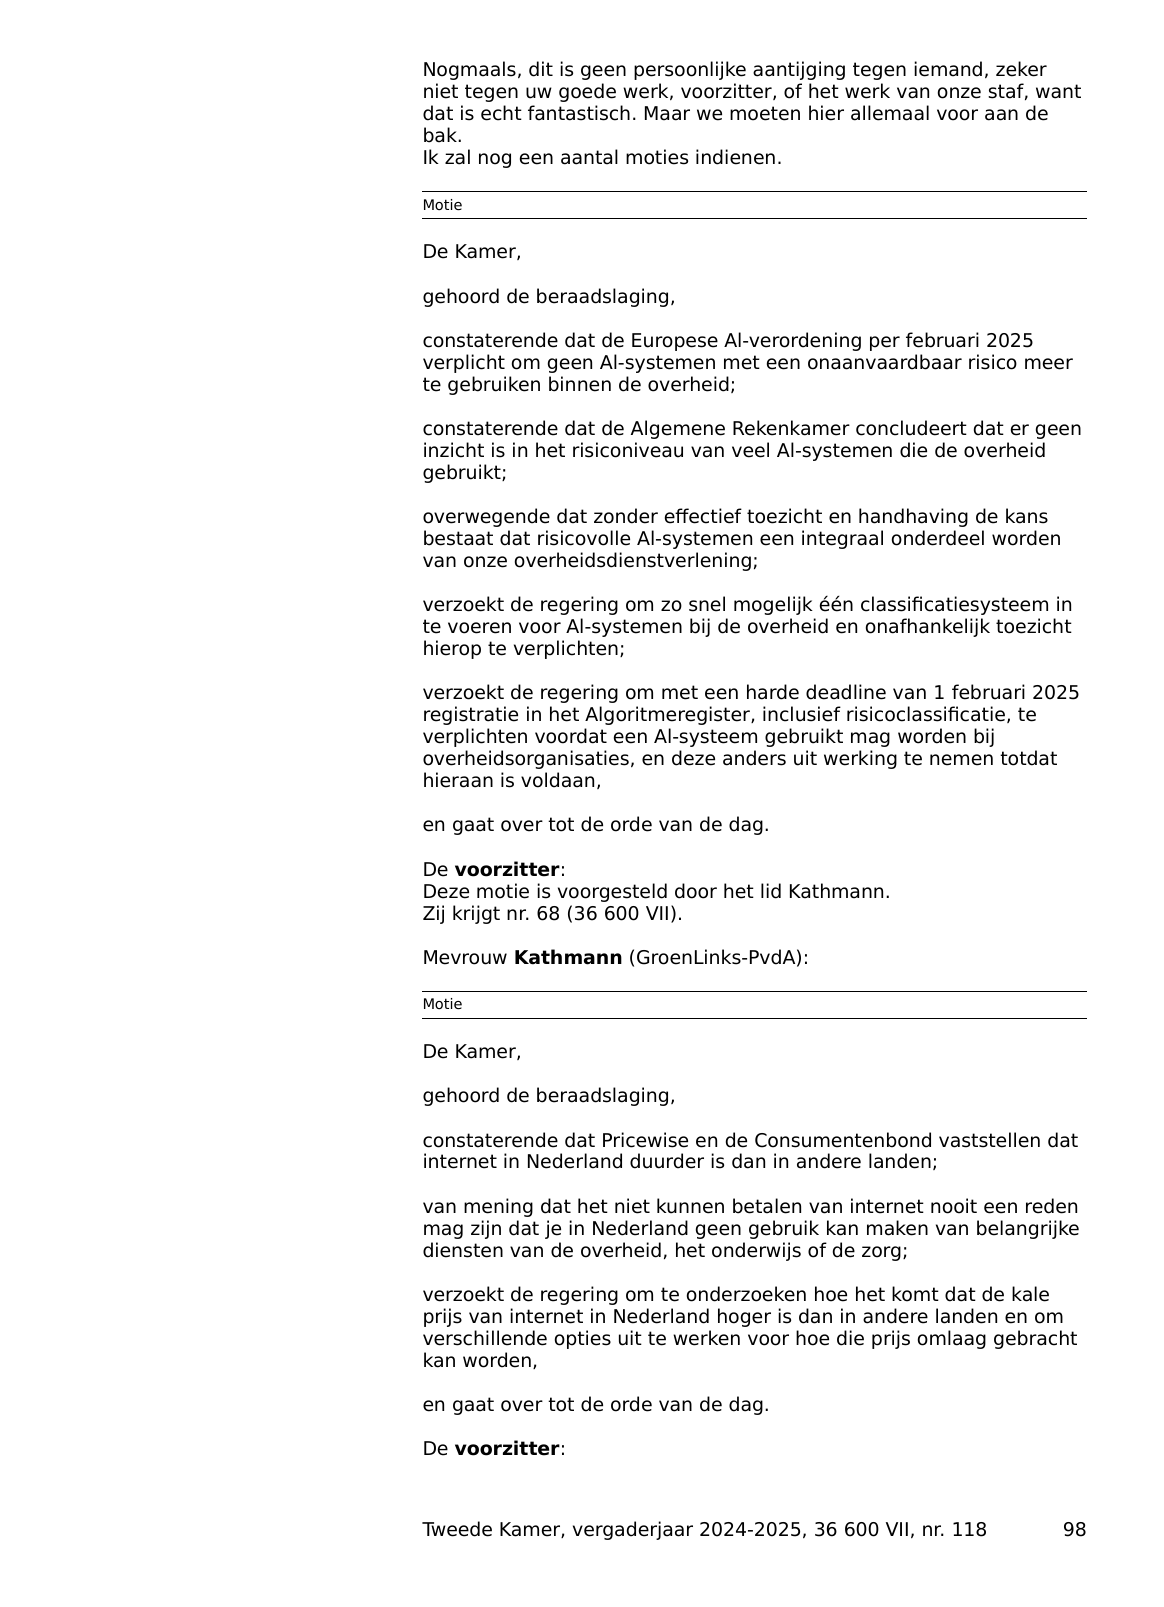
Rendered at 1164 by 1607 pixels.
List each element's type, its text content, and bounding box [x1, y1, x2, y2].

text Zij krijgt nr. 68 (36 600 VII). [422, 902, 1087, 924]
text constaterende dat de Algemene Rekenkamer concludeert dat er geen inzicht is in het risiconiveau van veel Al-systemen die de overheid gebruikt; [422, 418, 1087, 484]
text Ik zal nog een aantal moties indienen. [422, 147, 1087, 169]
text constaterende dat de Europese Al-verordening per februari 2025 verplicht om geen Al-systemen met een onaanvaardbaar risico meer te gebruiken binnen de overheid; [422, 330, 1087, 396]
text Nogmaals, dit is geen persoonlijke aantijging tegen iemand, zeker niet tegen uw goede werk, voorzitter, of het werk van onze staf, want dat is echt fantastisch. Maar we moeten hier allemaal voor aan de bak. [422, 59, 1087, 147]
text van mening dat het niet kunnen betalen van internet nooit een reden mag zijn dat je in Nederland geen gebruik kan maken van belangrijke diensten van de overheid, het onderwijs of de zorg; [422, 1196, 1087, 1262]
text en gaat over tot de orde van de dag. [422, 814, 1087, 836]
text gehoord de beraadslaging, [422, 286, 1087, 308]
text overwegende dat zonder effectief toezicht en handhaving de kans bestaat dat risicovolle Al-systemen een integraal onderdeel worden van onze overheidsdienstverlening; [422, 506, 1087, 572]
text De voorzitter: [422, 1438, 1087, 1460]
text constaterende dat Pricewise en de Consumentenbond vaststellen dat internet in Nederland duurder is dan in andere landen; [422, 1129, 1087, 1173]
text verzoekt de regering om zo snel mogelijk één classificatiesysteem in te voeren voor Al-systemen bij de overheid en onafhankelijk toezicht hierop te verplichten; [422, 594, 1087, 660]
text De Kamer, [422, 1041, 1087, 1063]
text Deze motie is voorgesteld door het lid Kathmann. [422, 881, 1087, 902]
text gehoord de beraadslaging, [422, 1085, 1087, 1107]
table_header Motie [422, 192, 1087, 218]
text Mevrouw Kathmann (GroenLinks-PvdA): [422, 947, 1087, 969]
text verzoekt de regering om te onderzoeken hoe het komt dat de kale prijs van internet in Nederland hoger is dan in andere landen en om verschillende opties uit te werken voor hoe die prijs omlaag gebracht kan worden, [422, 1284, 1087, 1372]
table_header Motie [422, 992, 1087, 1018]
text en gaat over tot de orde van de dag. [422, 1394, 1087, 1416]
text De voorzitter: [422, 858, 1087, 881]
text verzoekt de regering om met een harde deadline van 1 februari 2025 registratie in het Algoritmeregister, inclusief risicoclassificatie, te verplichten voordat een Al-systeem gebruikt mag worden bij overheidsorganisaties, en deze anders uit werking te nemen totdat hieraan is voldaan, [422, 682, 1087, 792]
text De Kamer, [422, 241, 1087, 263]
---------------
Please copy, exactly as written, every line in the listing above from the line with "text verzoekt de regering om zo" up to and including the line with "text Mevrouw Kathmann".

▶ [Solution for this problem]:
text verzoekt de regering om zo snel mogelijk één classificatiesysteem in te voeren voor Al-systemen bij de overheid en onafhankelijk toezicht hierop te verplichten; [422, 594, 1087, 660]
text De Kamer, [422, 1041, 1087, 1063]
text Deze motie is voorgesteld door het lid Kathmann. [422, 881, 1087, 902]
text gehoord de beraadslaging, [422, 1085, 1087, 1107]
table_header Motie [422, 192, 1087, 218]
text Mevrouw Kathmann (GroenLinks-PvdA): [422, 947, 1087, 969]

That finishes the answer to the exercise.